Kevin Beasley
Kevin Beasley (b. 1985, Lynchburg, Virginia) is an American artist currently based in New York. He received a BFA in painting and sculpture from the College of Creative Studies in Detroit, Michigan and an MFA in sculpture from Yale University in New Haven, Connecticut. Beasley is celebrated for his work in sculpture, photography, sound, and performance, as well as his unique appropriation of found objects. Personal ephemera, from articles of clothing to tools found in the studio, are employed by Beasley to navigate the visual language between sculpture, architecture and our bodies, challenging preexisting boundaries.

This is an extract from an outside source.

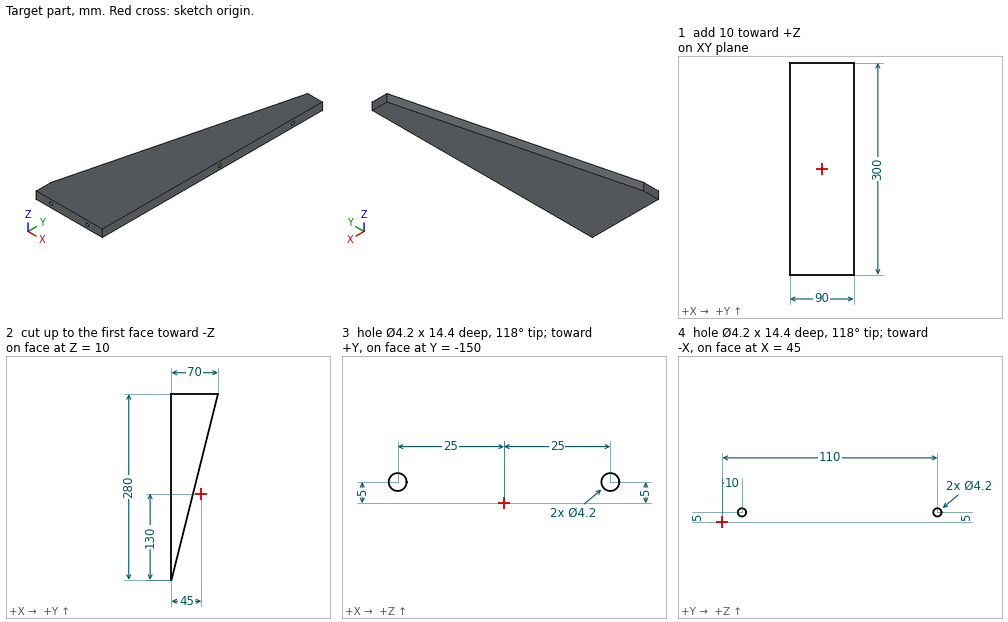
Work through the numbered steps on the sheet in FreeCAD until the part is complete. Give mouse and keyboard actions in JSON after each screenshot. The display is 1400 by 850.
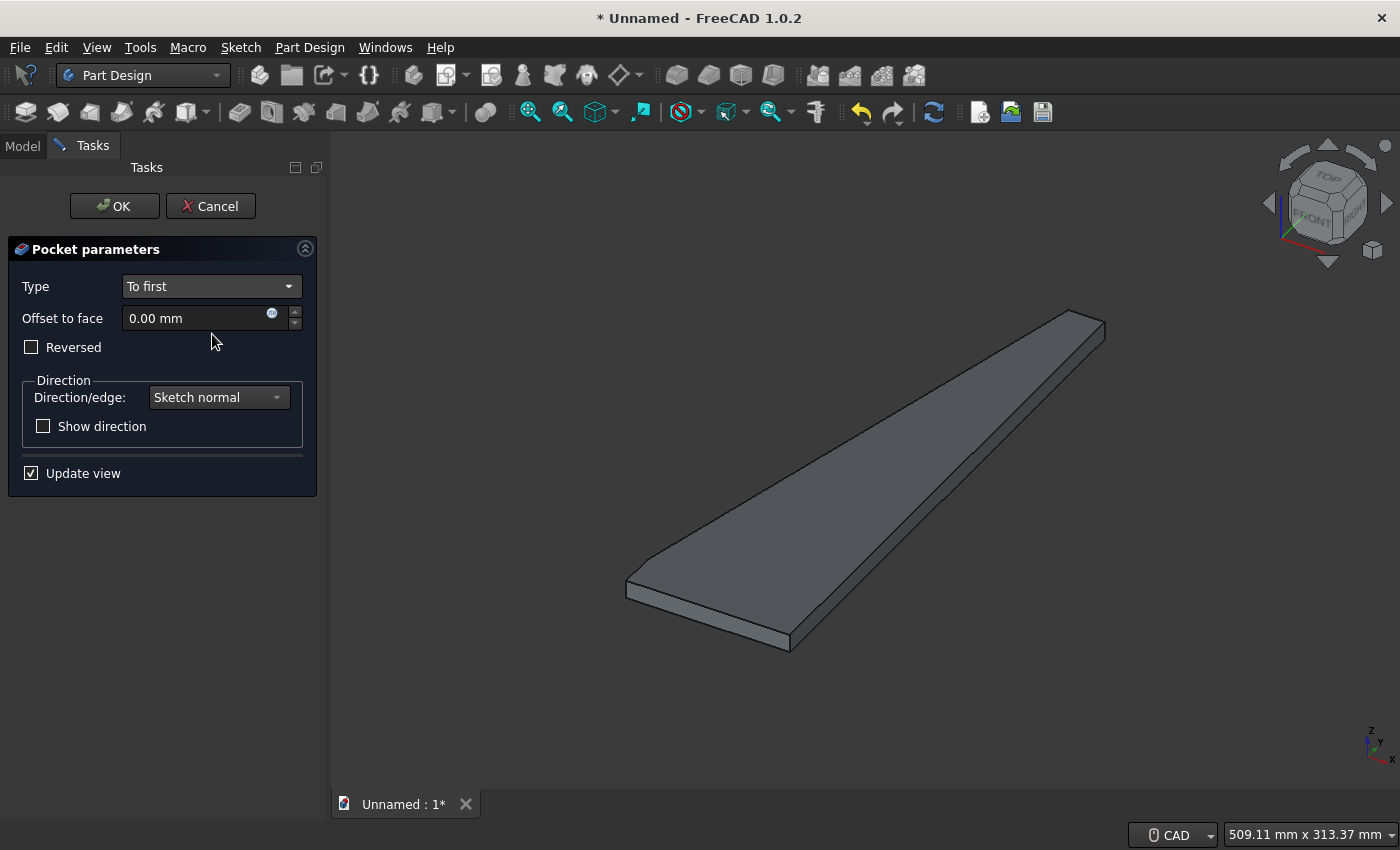
{"action": "left_click", "coordinate": [115, 206]}

Accessing personal experience and larger cultural histories, Beasley’s work seeks to create sensorial experiences.
Beasley has held solo exhibitions at the Whitney Museum of American Art, New York, NY (2018); The Institute of Contemporary Art, Boston, MA (2018); the Hammer Museum, Los Angeles, CA (2017); and The Studio Museum in Harlem, Morningside Park, NY (2016). His work has been included in exhibitions at institutional venues such as The San Francisco Museum of Modern Art, San Francisco, CA (2018 and 2016); The Albright Knox Gallery, Buffalo, NY (2018); The Renaissance Society at the University of Chicago, Chicago, IL (2016); The Solomon R. Guggenheim Museum, New York, NY (2015); MoMA PS1, Long Island City, NY (2015); The Art Gallery of Ontario, Toronto (2015); The 2014 Whitney Biennial, Whitney Museum of American Art, New York, NY (2014); the Seoul Museum of Art, Seoul (2014); and The Museum of Modern Art, New York (2014). His work is held in the permanent collections of The Albright-Knox Art Gallery, Buffalo, NY; Art Gallery of Ontario, Toronto; Dallas Museum of Art, Dallas, TX; Hammer Museum, Los Angeles, CA; Museum of Modern Art, New York, NY; Solomon R. Guggenheim Museum, New York, NY; Tate Modern, London, UK; The San Francisco Museum of Modern Art, San Francisco, CA; and The Studio Museum in Harlem, New York, NY.
I’m thinking of the breath, of the comma. In the title of Kevin Beasley’s exhibition, a comma interrupts the clause “a body revealed” like a fulcrum, delays the revelation, and creates two ideas out of one, aiming them away from each other. “A body” becomes the end of some unknown, unseen phrase; “revealed” begins another. Somewhere between the two, on the precipice of meaning, some body is still its own, and unseen.